ハレルヤオーバードライブ! - コミックナタリー 特集・インタビュー (original) (raw)
等身大のバンドライフをやろう
──まずは初単行本のリリース、おめでとうございます。僕らナタリーは音楽ニュースサイトからスタートしたこともあり、バンドものの最新型として「ハレルヤ」には注目していました。
高田 ありがとうございます。僕自身、大学時代は軽音サークルでバンドやってたので、もともと描いてみたかったところにゲッサン創刊でお話をいただいて。
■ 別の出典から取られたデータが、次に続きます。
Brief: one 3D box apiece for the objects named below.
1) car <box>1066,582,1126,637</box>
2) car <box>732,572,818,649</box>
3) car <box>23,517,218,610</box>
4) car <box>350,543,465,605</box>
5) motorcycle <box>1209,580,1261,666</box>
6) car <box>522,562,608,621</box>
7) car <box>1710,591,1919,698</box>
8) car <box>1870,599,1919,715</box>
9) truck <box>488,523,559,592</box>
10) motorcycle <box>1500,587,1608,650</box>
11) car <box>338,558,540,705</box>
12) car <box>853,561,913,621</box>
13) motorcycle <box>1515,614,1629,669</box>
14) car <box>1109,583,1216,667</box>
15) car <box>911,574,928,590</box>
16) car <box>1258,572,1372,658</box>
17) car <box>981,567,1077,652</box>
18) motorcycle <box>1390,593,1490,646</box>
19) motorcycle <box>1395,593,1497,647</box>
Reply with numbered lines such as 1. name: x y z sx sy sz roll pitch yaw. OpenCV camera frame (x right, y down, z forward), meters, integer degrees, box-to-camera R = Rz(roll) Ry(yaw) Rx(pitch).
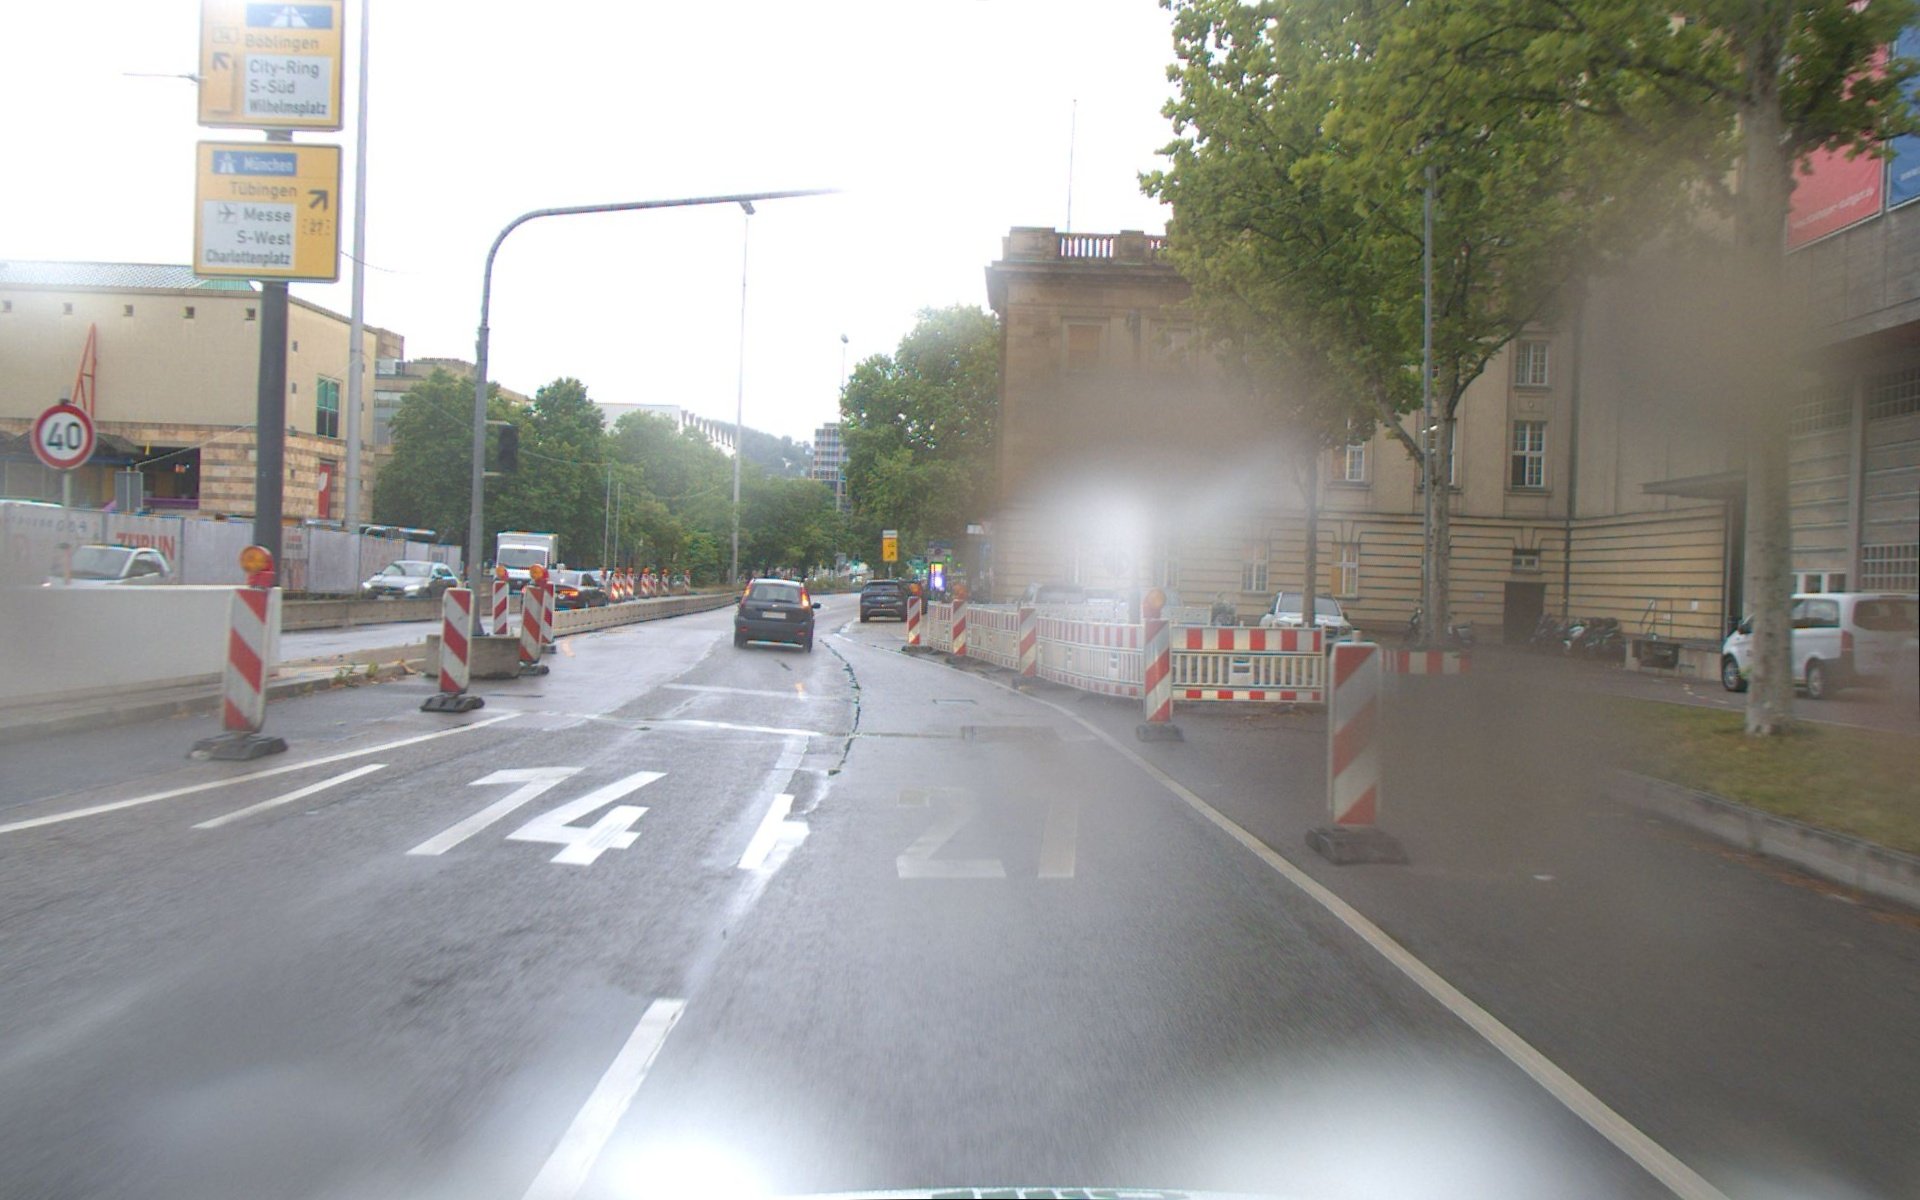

星野 編集部としては、ゲッサンのラインナップを考えてるときに文化部ものが絶対必要だって話があって、バンドマンガ欲しいね、と言っていたんです。じゃあ高田君バンド大好きだし来てくれ、と。
高田 それが創刊の1年くらい前ですね。
星野 最初やりとりしていたネームはちょっとギャグ寄りの、スーパースターが普通の高校生を巻き込んでバンドやってく、みたいのだったんです。でもそれがうまく転がらず、2人で話してたときに彼の大学時代のエピソードを聞いて。それで方向性が決まりましたね。
──そのエピソードというのは。
高田 いやその……当時、軽音サークルで好きな人がいまして。サークルの先輩に「お前明日告白しろ」とか強要されるんですよ、飲み屋で。でもベロベロになってしまって、その、おイタをしてルパン三世みたいな状況で警察のご厄介になり、先輩に迎えにきてもらって、それでも翌日告白したとかいう、まあしょうもない話ですよ。
星野 や、面白かったよ! 結局バンド関係ないんだけど、それが高田先生のバンドライフだったんだなー、と。だったら変にマンガ的なスーパースターだのやんないで、等身大な身の回りの話を描こうと決まったんです。例えば「タッチ」が野球マンガかと言ったら、野球はやってるけどあれは青春群像劇ですよね。それと同じで。
高田 だからプロを目指す、成り上がるみたいな話じゃなくて、小雨とハルさんの恋愛が軸で、そのために音楽に傾倒していくって流れなんです。
星野 登場人物も、けっこう実在のバンド仲間を登場させてるよね。
高田 ですね。当時サークルにいた学年が1個上の女の先輩が、ドラムを叩いてるんですけど、背がすごい低いんです。それでツーバス。
──まんまハルさんじゃないですか!
高田 ですね……まんまじゃないけど、モデルにはなってます。あと(サークルに)入ったばかりのとき、髪がツヤツヤですごいガタイのデカい人が部室に座ってたんですよ。こりゃ「この人絶対ドラムだな」と思い込んでたら実はベーシストでびっくりした、ってのもあって。
──鷹木部長ですね。作中ではベースじゃなくボーカルですが。
星野 そう。デブだからドラムって決めつけると怒られる(笑)。「その話面白いから使おう!」って盛り上がっていたら、高田先生から「ほんとは軽音楽部なんだけど、学校で禁じられてるから金属理科学研究部として活動してる。読みは“メタりか”ってどうすか?」ってアイデアが出て、「それいいよ!!」って即決でした。